In the 2003 season, according to Albany Attack General Manager Michael DeRossi, season ticket sales did go up considerably over the previous season, but the marketing effort actually decreased. Furthermore, the Attack went only 2-6 in their first eight games, losing all four home games to that point. While the Attack did have a second half record of 6-2, they never recovered enough to return to the playoffs nor did they have sufficient attendance to be profitable.

==Move to San Jose==
With no significant improvement in attendance throughout the 2003 season, the Albany Attack were destined to be a financial loss for a fourth consecutive year. During that season, there were numerous rumors that Mr. Chorbajian was going to sell the franchise, in particular to a group from San Jose, California.

On June 9, 2003, the rumors were confirmed when an announcement was made that the Albany Attack franchise was sold and relocated to San Jose, California where it was located until 2009. Mr. Chorbajian retained a share in the franchise.

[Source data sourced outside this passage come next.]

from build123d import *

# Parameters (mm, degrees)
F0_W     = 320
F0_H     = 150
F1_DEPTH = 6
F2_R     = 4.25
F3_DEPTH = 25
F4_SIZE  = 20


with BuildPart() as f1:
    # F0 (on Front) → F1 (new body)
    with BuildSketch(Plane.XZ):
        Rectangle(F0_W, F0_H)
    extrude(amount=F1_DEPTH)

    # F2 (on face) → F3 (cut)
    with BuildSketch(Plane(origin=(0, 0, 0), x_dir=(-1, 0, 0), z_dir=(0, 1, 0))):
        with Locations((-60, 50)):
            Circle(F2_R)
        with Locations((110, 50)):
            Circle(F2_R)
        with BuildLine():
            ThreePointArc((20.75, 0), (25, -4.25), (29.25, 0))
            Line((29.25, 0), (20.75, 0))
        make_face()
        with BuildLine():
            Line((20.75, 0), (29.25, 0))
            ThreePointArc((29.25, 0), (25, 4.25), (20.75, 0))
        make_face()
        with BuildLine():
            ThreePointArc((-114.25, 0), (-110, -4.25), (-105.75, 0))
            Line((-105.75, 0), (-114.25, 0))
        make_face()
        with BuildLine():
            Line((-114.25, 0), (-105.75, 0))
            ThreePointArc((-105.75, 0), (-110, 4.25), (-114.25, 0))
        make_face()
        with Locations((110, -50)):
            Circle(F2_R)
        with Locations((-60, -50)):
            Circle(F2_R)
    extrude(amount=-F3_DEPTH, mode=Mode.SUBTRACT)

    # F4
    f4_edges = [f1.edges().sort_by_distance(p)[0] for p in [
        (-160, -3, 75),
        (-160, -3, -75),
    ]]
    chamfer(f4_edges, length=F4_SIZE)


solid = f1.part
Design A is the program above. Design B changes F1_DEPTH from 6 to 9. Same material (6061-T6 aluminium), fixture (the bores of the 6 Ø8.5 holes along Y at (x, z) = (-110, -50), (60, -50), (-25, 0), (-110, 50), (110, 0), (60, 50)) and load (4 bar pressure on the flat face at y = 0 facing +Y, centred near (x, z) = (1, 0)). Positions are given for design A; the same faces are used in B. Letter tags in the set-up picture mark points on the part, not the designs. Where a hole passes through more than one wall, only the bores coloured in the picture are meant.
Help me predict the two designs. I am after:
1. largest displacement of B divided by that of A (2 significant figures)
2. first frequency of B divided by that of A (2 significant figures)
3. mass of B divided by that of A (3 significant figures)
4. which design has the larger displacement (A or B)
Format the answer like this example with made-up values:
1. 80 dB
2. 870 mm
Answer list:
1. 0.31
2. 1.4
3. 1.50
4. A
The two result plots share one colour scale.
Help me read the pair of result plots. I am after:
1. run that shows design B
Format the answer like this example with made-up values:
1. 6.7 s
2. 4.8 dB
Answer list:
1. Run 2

This may no longer be the case as the team has since been resold.

During the summer of 2003, the new owners had a "Name the Team Contest" and, on September 16, 2003, the winner, a high school sophomore from San Jose, elected to officially rename the team the San Jose Stealth.

On June 17, 2009, the Stealth announced it would be moving to Everett, Washington effective immediately. The newly renamed Washington Stealth played their home games at the Comcast Arena at Everett beginning in the 2010 season. Four years later, they relocated again to Vancouver, BC, becoming the Vancouver Stealth.

Jerseys of the Albany Attack franchise (1999–2003) of the National Lacrosse League. The dark jersey was traditionally the road jersey; the light jersey was traditionally the home jersey. The jerseys were manufactured by ProJoy.